At his best, Selman fills the zone with strikes. He did exactly that against Texas, throwing 30 of his 46 pitches for strikes and even missing some bats by recording eight whiffs (swing and misses), five of which came on the slider and three on the fastball.

“Just throw it at the mitt and keep it as simple as possible,” Selman said of his goal on the mound. “The situation I was in, I was just trying to eat up as many innings and save the bullpen. Just throw strikes and try to get through the innings.”

It’s rare that a reliever gets to work through an opposing team’s full lineup. Selman did it rather impressively. Facing a total of 10 batters, he struck out four of the first six he faced, including Willie Calhoun on a sweeping slider that froze the designated hitter up for a called third strike. His only hit allowed came on his final batter — a single by Nathaniel Lowe with two outs in the eighth.

“It was awesome,” Kotsay said of Selman’s performance. “We got a look at him in spring and he wasn’t great with his command. When he did get sent down, he said that he was going to get himself right, and we saw that tonight.”
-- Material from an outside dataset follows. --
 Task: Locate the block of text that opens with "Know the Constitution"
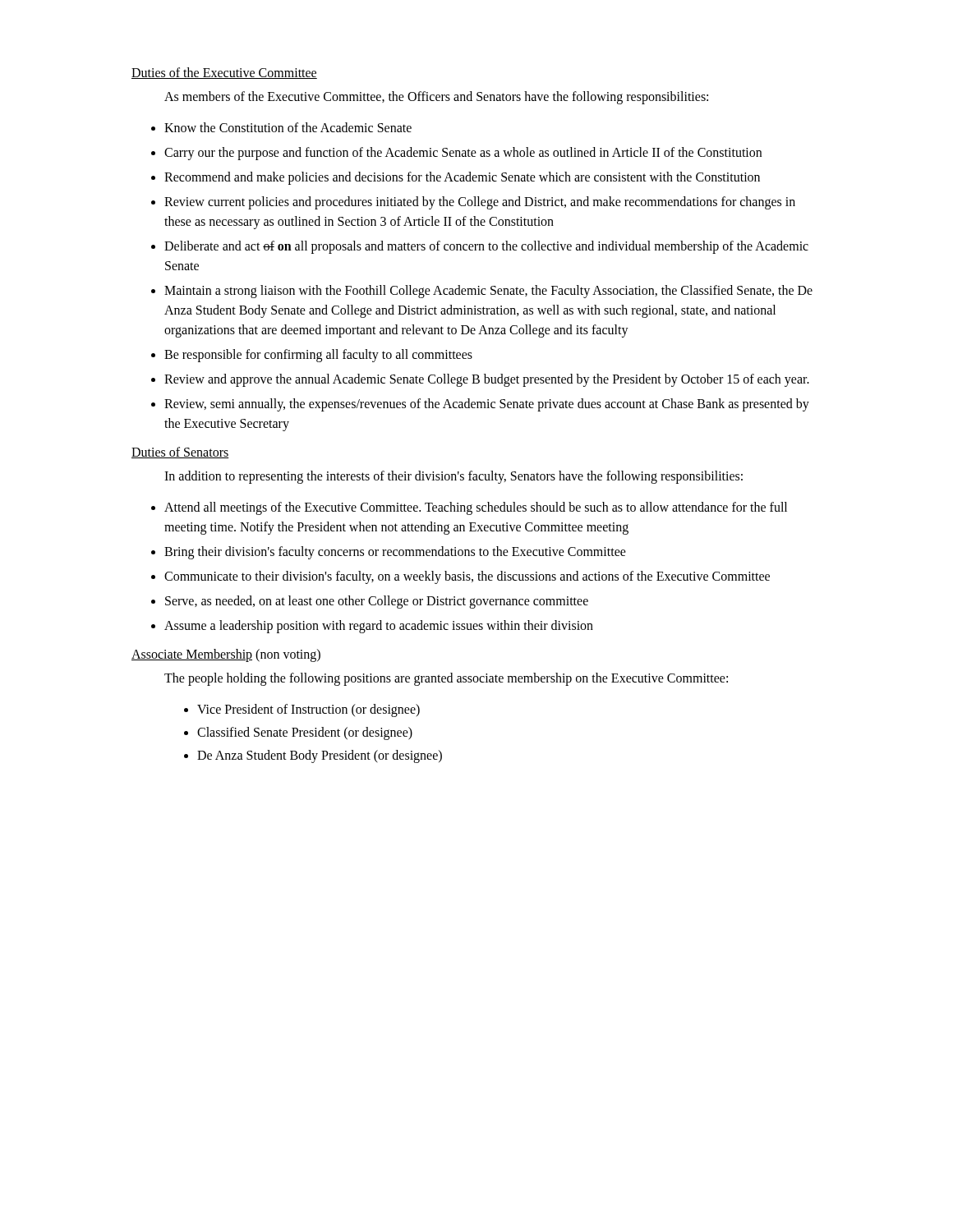288,128
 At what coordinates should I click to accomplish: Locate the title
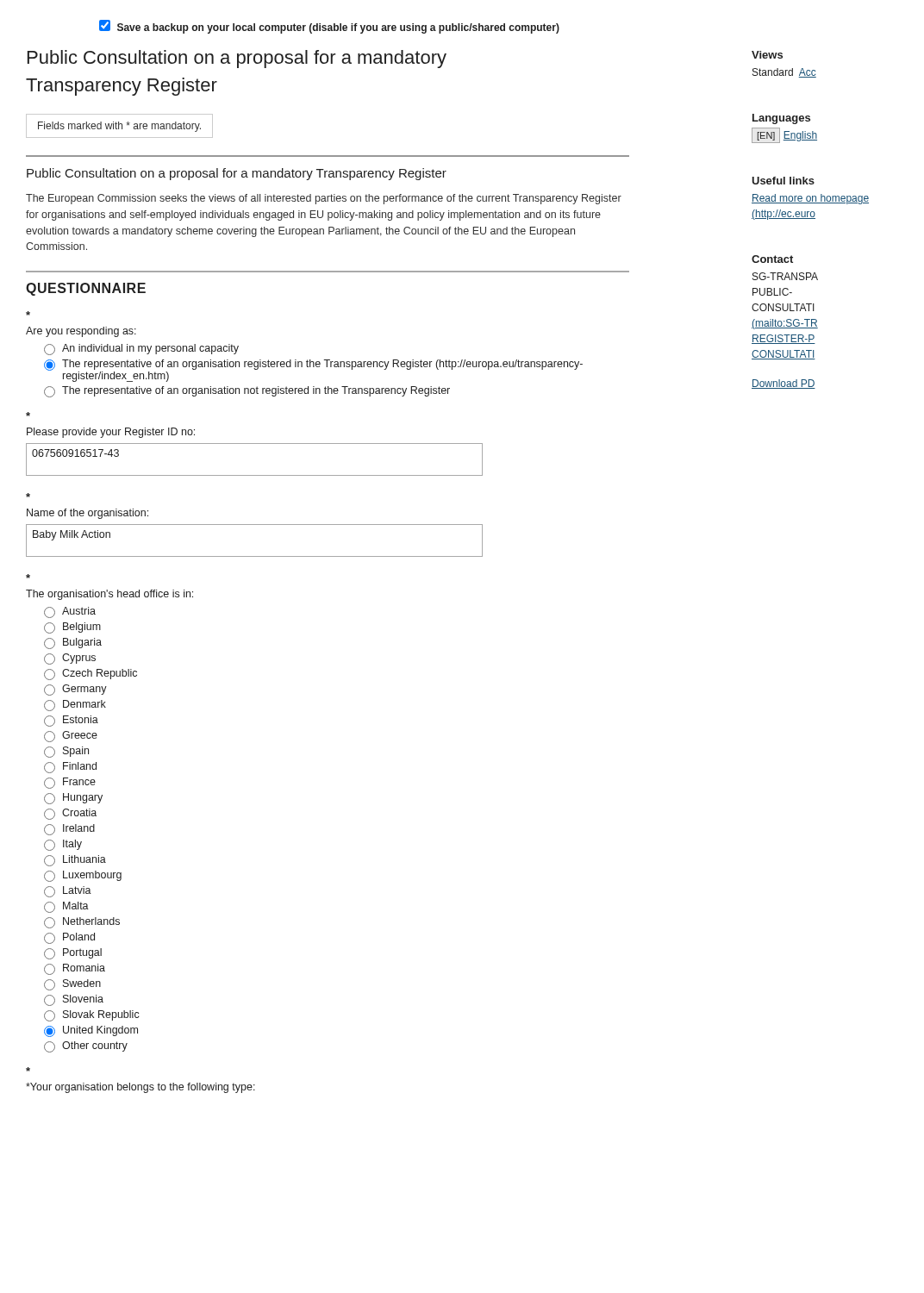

It’s unclear how much longer Selman will remain with the A’s. Relievers Lou Trivino and Kirby Snead could come off the COVID-19 IL at some point in the next few days, making Selman a candidate to return to Triple-A. At the very least, though, his career-best outing gives the A’s something to think about when that time to make a decision comes.

“I was basically trying to figure out what got me back to the big leagues and focus on that,” Selman said. “Keep working, hope an opportunity presents itself and make the most of it. It worked out down in Triple-A and then I came up here tonight and tried to show what I worked on. It worked out pretty well.”